Para Manacorda (2000, p. 313), no século XX é

[...] impossível prescindir de fato novo, o socialismo, que não é somente mais uma ideologia emergente de novas classes sociais suscitadas pelo desenvolvimento do moderno industrialismo, mas já é, embora em crise como o liberalismo durante a Restauração, a ideologia oficial dominante de Estados baseados na força destas classes novas.

Em relação à teoria da educação, o socialismo admitiu muitas das conquistas burguesas, mas de maneira crítica e inovadora lhes acrescentou uma concepção nova, a qual Manacorda (2000, p. 313) identificou como “a relação instrução-trabalho (o grande tema da pedagogia moderna), que vai além do somatório de uma instrução tradicional mais uma capacidade profissional e tende a propor a formação de um homem omnilateral”.

Chegamos na raiz do problema que se estende até nossos dias e sobre o qual se “enche” o mundo acadêmico de materiais e pesquisas. A relação trabalho e educação, que pode ser encarada do ponto de vista do “liberalismo” ou do ponto de vista do “socialismo”.

Na primeira tendência, no liberalismo, valoriza-se o individualismo, a iniciativa privada, a competitividade e entende-se a divisão “natural” entre aptidões intelectuais e mecânicas. Noutras palavras, admite-se a dualidade entre “arte do fazer” e “arte do falar”. Mesmo variando, o fato é que, no limite, a desigualdade social é vista como conseqüência de diferenças individuais, seja de habilidades e competências, seja de contexto sócio-cultural. Além disso, a vinculação entre educação e cidadania constrói barreiras muitas vezes instransponíveis entre o “mundo dos excluídos” e o “mundo dos incluídos”.

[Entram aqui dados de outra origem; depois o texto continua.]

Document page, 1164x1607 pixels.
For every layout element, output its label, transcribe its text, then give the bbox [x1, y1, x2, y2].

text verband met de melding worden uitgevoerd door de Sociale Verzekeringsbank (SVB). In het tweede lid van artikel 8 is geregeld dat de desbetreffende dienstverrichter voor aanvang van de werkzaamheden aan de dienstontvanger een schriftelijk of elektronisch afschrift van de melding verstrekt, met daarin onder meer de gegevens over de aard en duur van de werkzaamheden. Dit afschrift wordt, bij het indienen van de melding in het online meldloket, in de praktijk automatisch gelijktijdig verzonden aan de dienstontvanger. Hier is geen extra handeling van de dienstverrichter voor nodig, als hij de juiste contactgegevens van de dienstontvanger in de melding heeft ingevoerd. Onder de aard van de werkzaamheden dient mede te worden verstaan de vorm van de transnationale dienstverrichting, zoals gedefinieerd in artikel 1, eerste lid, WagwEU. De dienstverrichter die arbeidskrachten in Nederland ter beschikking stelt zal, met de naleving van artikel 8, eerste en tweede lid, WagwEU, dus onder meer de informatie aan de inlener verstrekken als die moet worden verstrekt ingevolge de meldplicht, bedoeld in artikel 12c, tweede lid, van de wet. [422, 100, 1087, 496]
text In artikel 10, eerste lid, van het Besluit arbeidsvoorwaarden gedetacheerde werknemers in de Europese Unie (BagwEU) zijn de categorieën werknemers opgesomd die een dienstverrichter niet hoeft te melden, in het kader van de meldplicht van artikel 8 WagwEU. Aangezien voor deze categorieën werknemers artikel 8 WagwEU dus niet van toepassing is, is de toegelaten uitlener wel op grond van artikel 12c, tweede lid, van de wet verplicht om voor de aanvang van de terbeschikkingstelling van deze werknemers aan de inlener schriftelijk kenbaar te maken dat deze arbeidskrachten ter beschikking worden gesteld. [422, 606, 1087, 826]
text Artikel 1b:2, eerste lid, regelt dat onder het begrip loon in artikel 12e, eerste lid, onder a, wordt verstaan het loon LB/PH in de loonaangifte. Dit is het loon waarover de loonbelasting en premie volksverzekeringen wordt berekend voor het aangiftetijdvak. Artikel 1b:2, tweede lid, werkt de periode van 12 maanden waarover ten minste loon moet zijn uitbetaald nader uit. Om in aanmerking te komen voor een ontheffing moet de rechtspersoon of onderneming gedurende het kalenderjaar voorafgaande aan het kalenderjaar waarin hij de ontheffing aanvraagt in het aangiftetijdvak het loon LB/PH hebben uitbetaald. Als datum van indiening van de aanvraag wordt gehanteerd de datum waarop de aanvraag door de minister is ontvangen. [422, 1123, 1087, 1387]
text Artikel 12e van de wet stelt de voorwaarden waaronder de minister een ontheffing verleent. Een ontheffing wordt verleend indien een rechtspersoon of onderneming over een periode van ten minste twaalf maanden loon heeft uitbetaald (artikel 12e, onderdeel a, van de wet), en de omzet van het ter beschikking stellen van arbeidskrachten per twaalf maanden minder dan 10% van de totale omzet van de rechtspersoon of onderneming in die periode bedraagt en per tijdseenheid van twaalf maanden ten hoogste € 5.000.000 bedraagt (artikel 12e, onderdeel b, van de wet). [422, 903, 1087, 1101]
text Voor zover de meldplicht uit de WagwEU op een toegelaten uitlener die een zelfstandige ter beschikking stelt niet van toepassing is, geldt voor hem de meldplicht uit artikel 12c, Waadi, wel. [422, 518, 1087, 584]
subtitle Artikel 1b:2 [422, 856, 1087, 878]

Na segunda tendência, no socialismo, ao contrário, valoriza-se o coletivismo, a intervenção do Estado, a solidariedade e a formação integral da pessoa expressa na omnilateralidade. A desigualdade social é vista como produto, antes de mais nada, social e histórico. A cidadania não está condicionada à educação. Tudo isso, evidentemente, do ponto de vista teórico e filosófico, não necessariamente se vendo na prática, como poderemos verificar a seguir.

Estes nos parecem os caminhos até agora apresentados. Estes também devem ser elementos fundamentais de reflexões sobre educação no mundo contemporâneo. Um grande equívoco dos pesquisadores foi (e tem sido) ignorar ou ocultar uma situação essencial para os dias de hoje: as reformas educacionais sugeridas alegam uma busca da “unitariedade”(conceito socialista) numa sociedade que é, e não quer deixar de ser, capitalista e baseada no “liberalismo”.

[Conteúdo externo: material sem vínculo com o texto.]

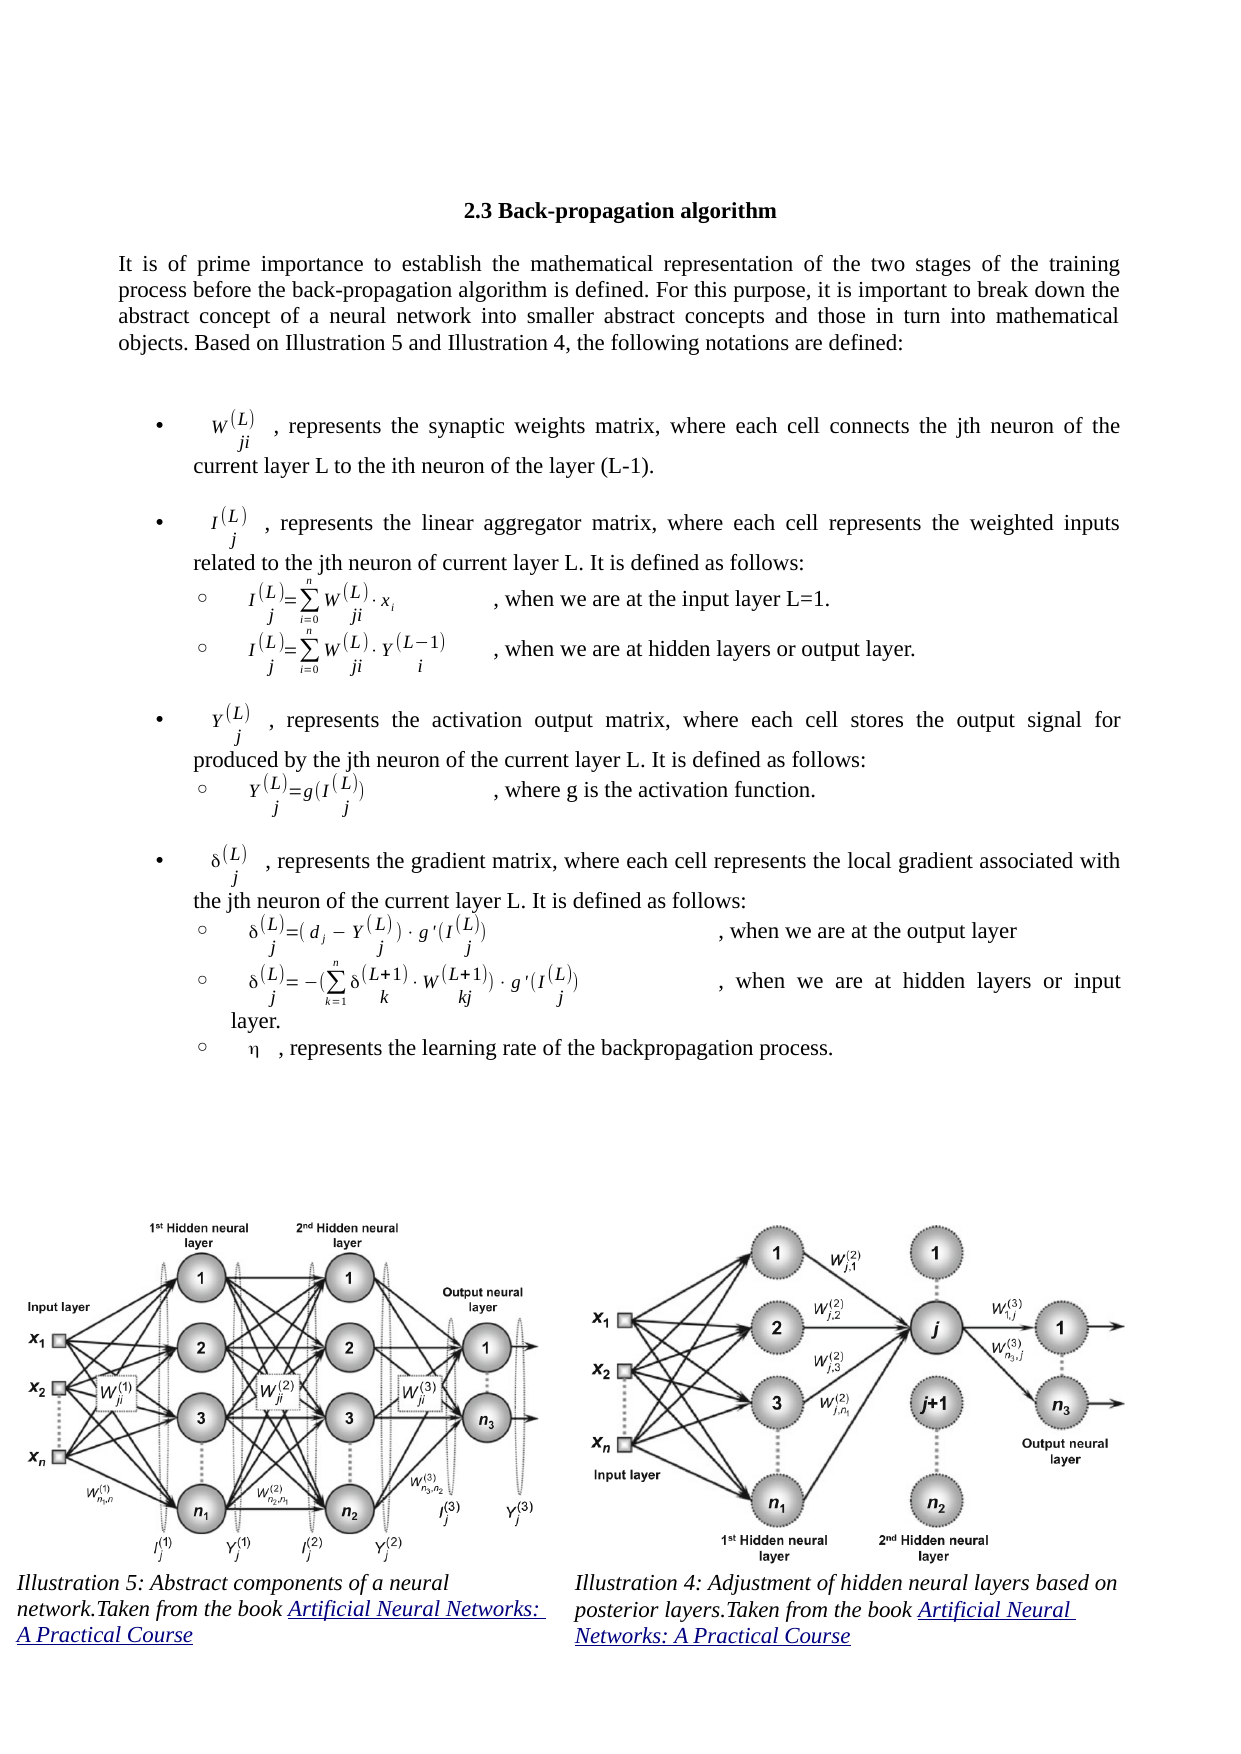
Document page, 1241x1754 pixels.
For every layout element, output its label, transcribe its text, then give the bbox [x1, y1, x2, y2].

text It is of prime importance to establish the mathematical representation of the two stages of the training process before the back-propagation algorithm is defined. For this purpose, it is important to break down the abstract concept of a neural network into smaller abstract concepts and those in turn into mathematical objects. Based on Illustration 5 and Illustration 4, the following notations are defined: [118, 250, 1122, 355]
list , when we are at hidden layers or input layer. [193, 957, 1122, 1034]
list , where g is the activation function. [193, 772, 1122, 816]
picture [16, 1216, 548, 1569]
text Illustration 5: Abstract components of a neural network.Taken from the book Artificial Neural Networks: A Practical Course [17, 1569, 548, 1648]
list , represents the linear aggregator matrix, where each cell represents the weighted inputs related to the jth neuron of current layer L. It is defined as follows: [156, 505, 1122, 575]
text 2.3 Back-propagation algorithm [118, 197, 1122, 223]
list , when we are at hidden layers or output layer. [193, 625, 1122, 676]
list , represents the gradient matrix, where each cell represents the local gradient associated with the jth neuron of the current layer L. It is defined as follows: [156, 843, 1122, 913]
list , represents the synaptic weights matrix, where each cell connects the jth neuron of the current layer L to the ith neuron of the layer (L-1). [156, 408, 1122, 478]
list , represents the learning rate of the backpropagation process. [193, 1034, 1122, 1060]
picture [574, 1211, 1157, 1570]
text Illustration 4: Adjustment of hidden neural layers based on posterior layers.Taken from the book Artificial Neural Networks: A Practical Course [574, 1570, 1156, 1648]
list , represents the activation output matrix, where each cell stores the output signal for produced by the jth neuron of the current layer L. It is defined as follows: [156, 702, 1122, 772]
list , when we are at the output layer [193, 913, 1122, 957]
list , when we are at the input layer L=1. [193, 575, 1122, 625]

Por esse motivo, ganharam uma importância enorme os escritos de Antonio Gramsci, que além de ter seguido a “linhagem” de pensamento socialista inaugurada por Marx, aprimorada por Lênin e Krupskaja, entre outros, ele próprio foi testemunha ocular do momento na história mundial onde a sociedade se viu nessa encruzilhada.

Sendo assim, dedicaremos uma atenção especial aos aspectos presentes da obra desse pensador italiano que retomou os conceitos marxistas de historicismo e materialismo dialético para pensar a sociedade no século XX. Mais que isso, foi ele quem apresentou de forma sistemática e engajada uma versão mais elaborada do ideal de educação e de sociedade unitárias. Com ele, o conceito de “escola unitária”, tão presente até hoje, conquista um espaço nunca antes alcançado na história do pensamento filosófico e pedagógico da sociedade ocidental.

Daremos assim um passo decisivo ao tentarmos compreender este conceito de educação socialista, do ponto de vista gramsciano e, com isso perseguirmos depois essa teoria política e educacional na evolução e na implantação da proposta do novo ensino médio brasileiro, identificando os momentos de maior aproximação ou maior distanciamento deste. Mais que isso, veremos qual papel foi reservado ao processo educacional em relação à conquista e ao exercício da cidadania.